宋文洲が語る、東電の原発事故とダメな会社の共通点(2/3 ページ)

» 2011年03月30日 08時00分 公開
[土肥義則,Business Media 誠]

組織的な問題が潜んでいる

 福島第1原発事故が発生し、米国は「原発の80キロ圏外への避難」を指示した。ところが、日本政府は30キロ。この50キロの差をどうとらえればいいのだろうか。自民党のある政治家はこう言っていた。「なぜ日本政府は30キロ圏外への避難を設定するときに、米国政府と相談しなかったのか。せめて米国と同じ指示を出すべきだった」と。

 福島第1原発の事故は、日本だけの事故ではない。これは世界の事故だ。「日本の技術力が劣っているから、原発事故が起きた」などと批判する人がいるが、今は事故の処理を優先すべき。その処理がうまくいくかどうかは、リーダーシップの問題でもある。

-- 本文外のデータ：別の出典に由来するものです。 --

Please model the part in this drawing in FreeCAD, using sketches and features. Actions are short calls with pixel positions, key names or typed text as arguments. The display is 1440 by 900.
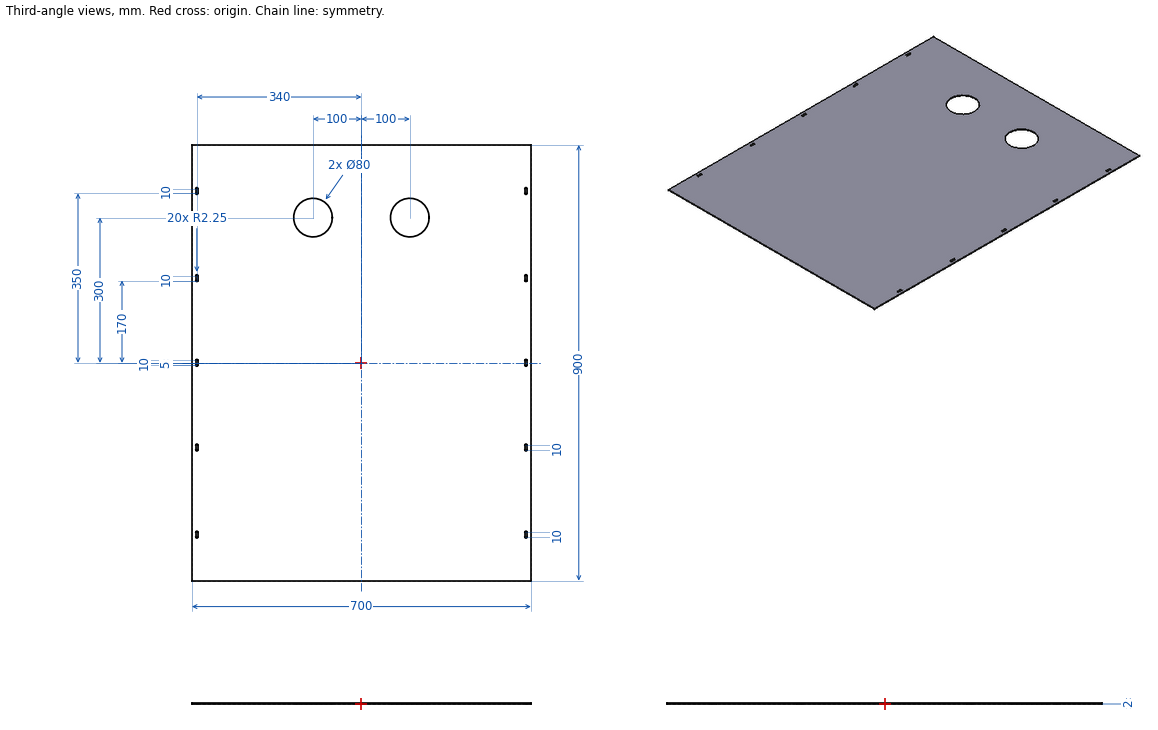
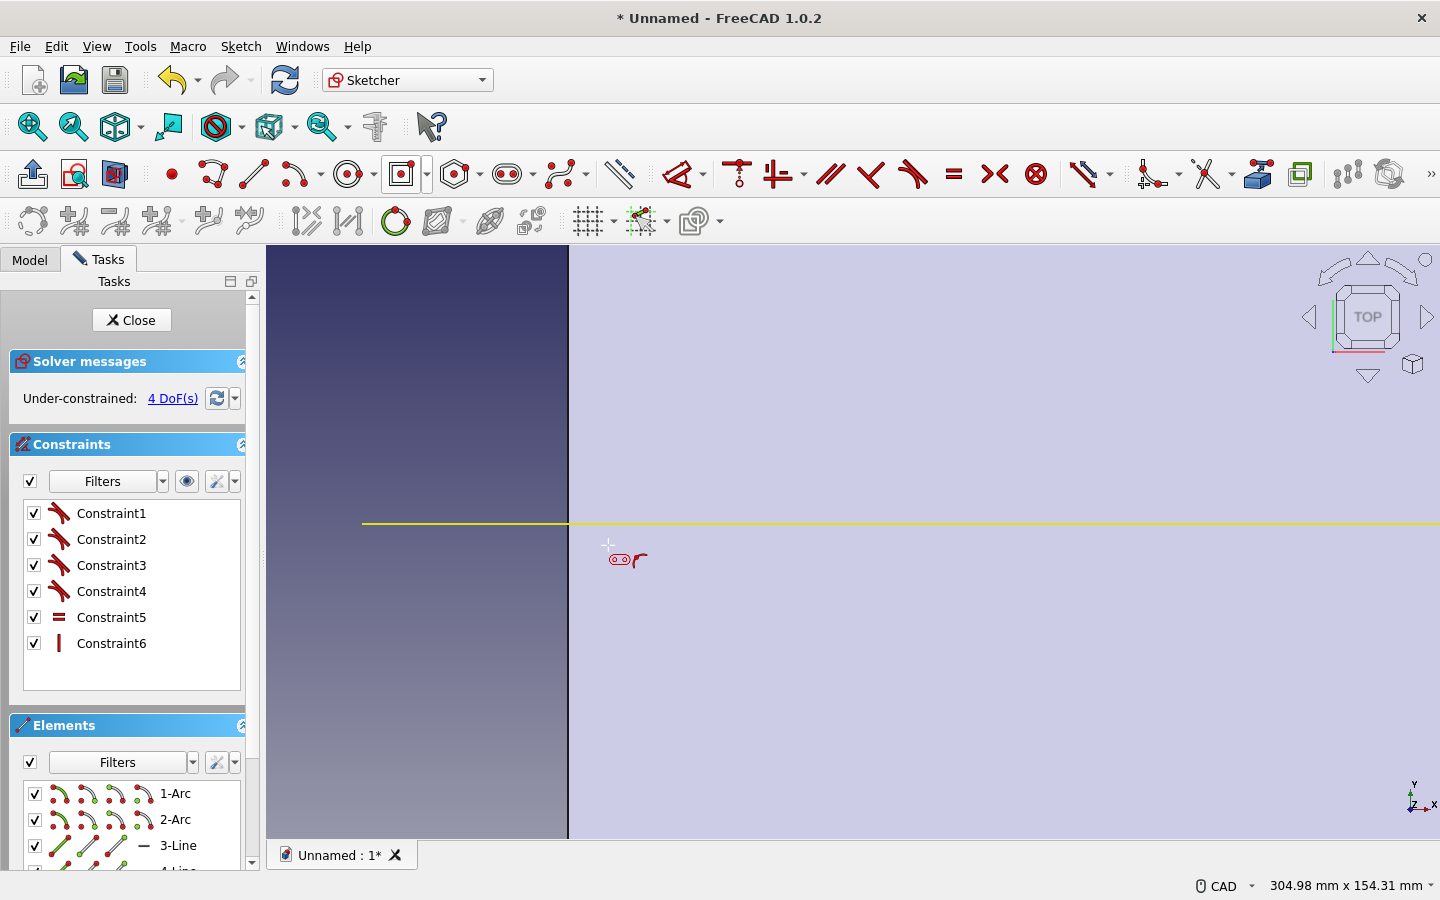
click(607, 544)
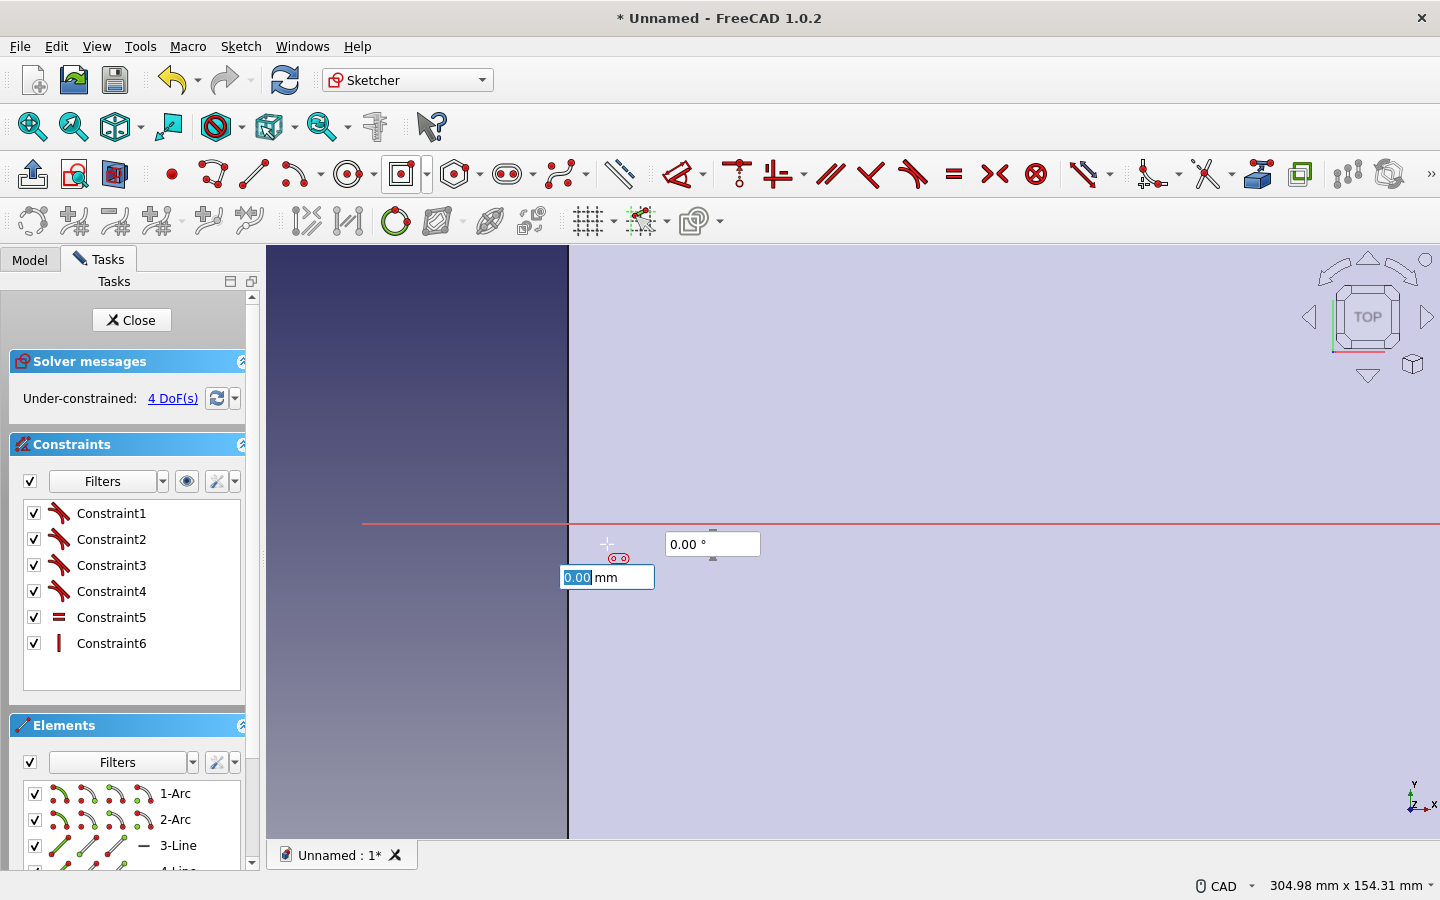
click(607, 505)

 原発事故は月日が経てば、どういったところに問題があったのかなどを検証するはず。そして「事故が起きたとき、リーダーは何をしていたのか」といった点が問題になるだろう。

 これほど重大な問題が起きれば、現場の人間が判断できるはずがない。マニュアルに書いていないことは実行できるはずがない。もし書いていても、実行できなかったのではないだろうか。原子炉を冷却するために一刻も早く海水を入れなければいけないのに、海水を入れると原子炉が使えなくなる。そこで迷いが生じ、チャンスを逃してしまう。

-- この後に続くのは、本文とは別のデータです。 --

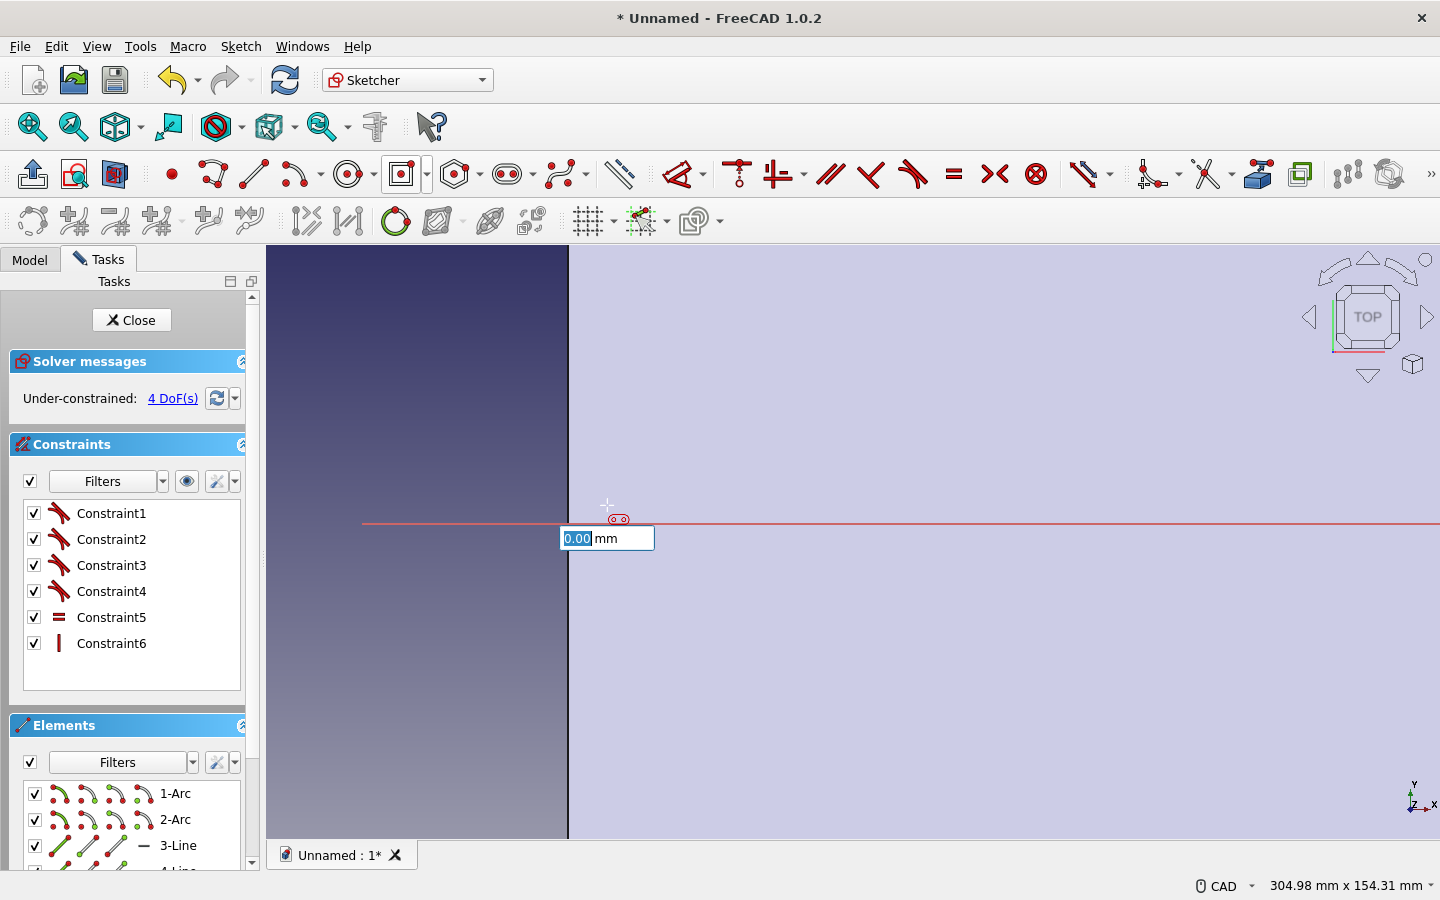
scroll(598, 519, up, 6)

 言葉が悪いかもしれないが、東京電力は“損切り”ができなかった。「仕方がない。海水をかけよう」という事態になっても、行動することができなかった。「海水をかけなければいけない」ことを認めてしまうと、自分の責任になってしまうので、判断が遅れてしまったのだ。

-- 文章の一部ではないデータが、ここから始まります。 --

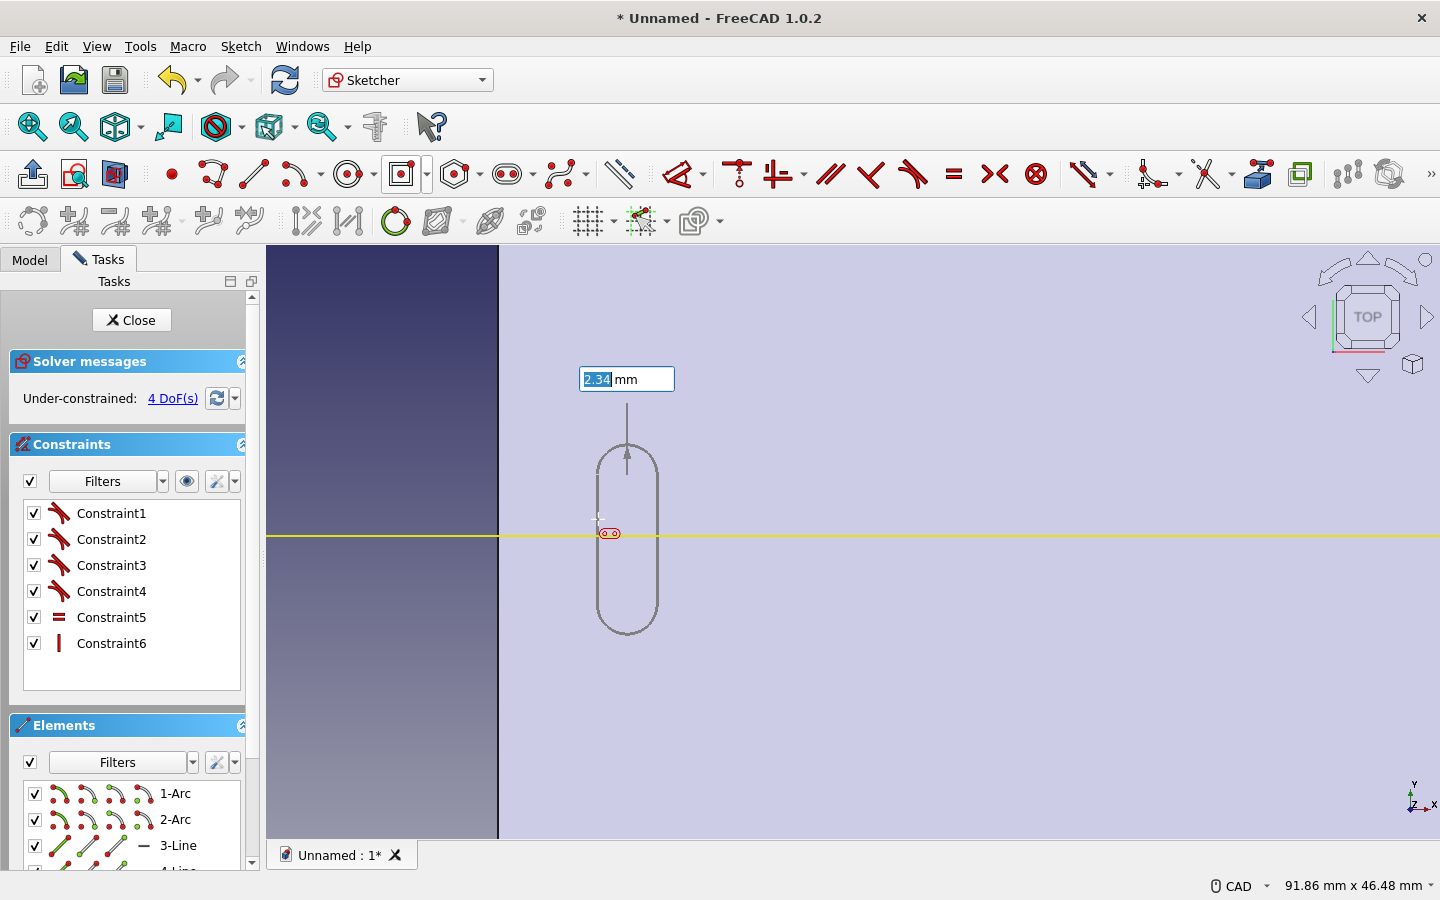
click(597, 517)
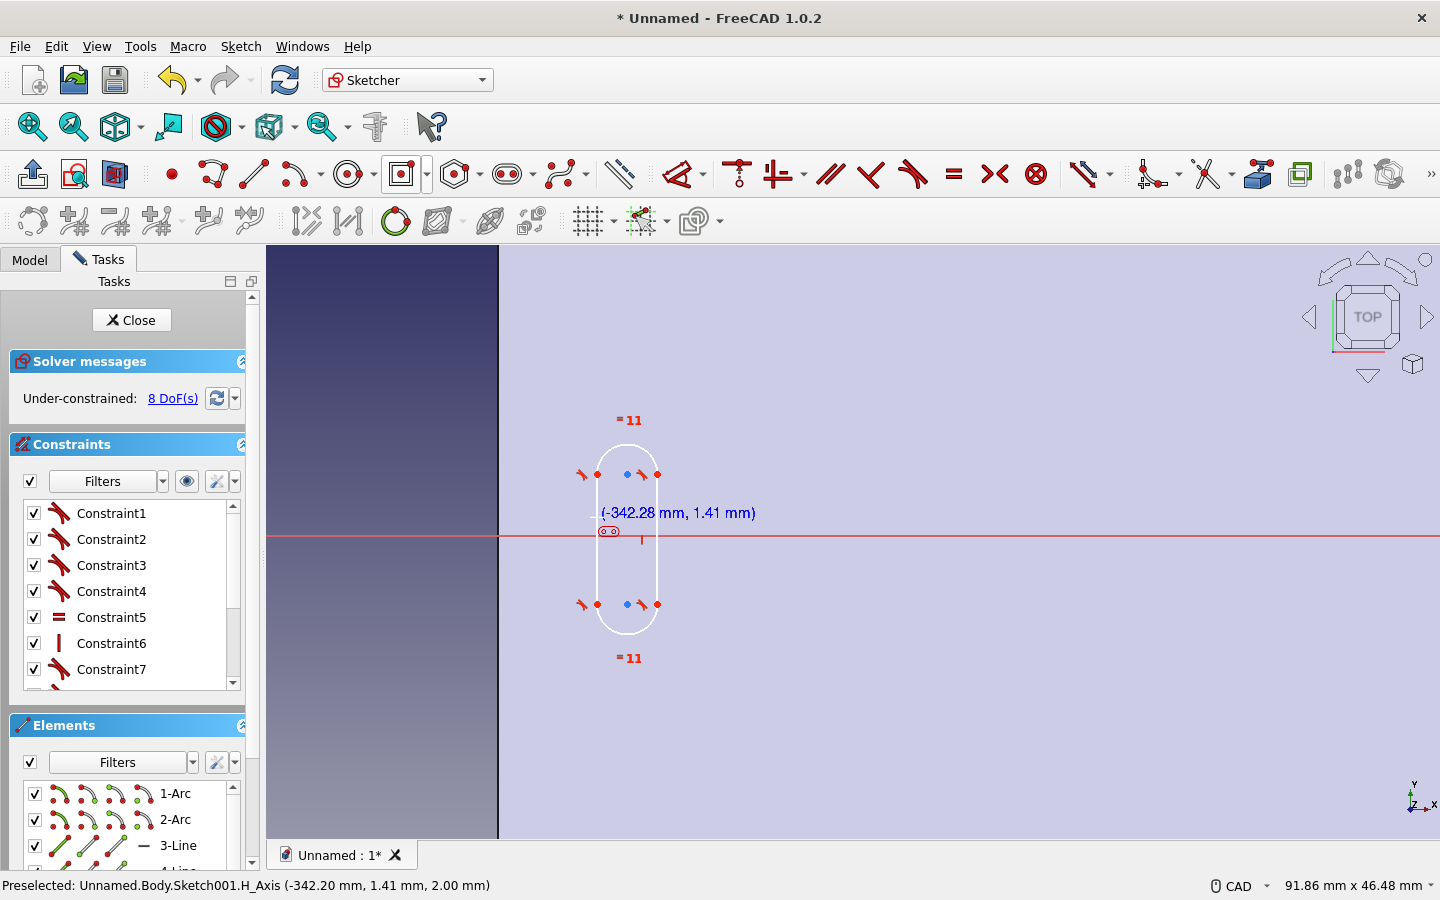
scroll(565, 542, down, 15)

 ダメな会社には共通する点がある。業績が悪い事業から撤退できない。もうからない案件から撤退できない。何か新しいことを始めるのは必死になるが、何をやめればいいのかが分からない。要するに、やめる勇気がないのだ。また何らかの問題が生じれば「後任の人に任せたい」と考えるリーダーが多く、そういう人は「自分が間違っていた」という事実を認めようとしない。

 福島第1原発3号機の中で作業をしていた3人が被ばくした。水たまりの中の放射性物質の濃度は通常に比べ1万倍ほどに達していたので、警告を知らせるアラームが鳴っていた。しかし3人は故障と思い、作業を続けた。マニュアルには「放射線量を測りながら作業をしなければいけない」と書いてあるのに、彼らは「測るのを忘れた」などと答えていた。しかしもしかすると、放射線量を測り、その数値を報告すれば誰も現場に行かなくなるかもしれない。なので測っても、そのことを上司に言わなかったのではないだろうか。もしそうであれば、ここにも組織的な問題が潜んでいると言える。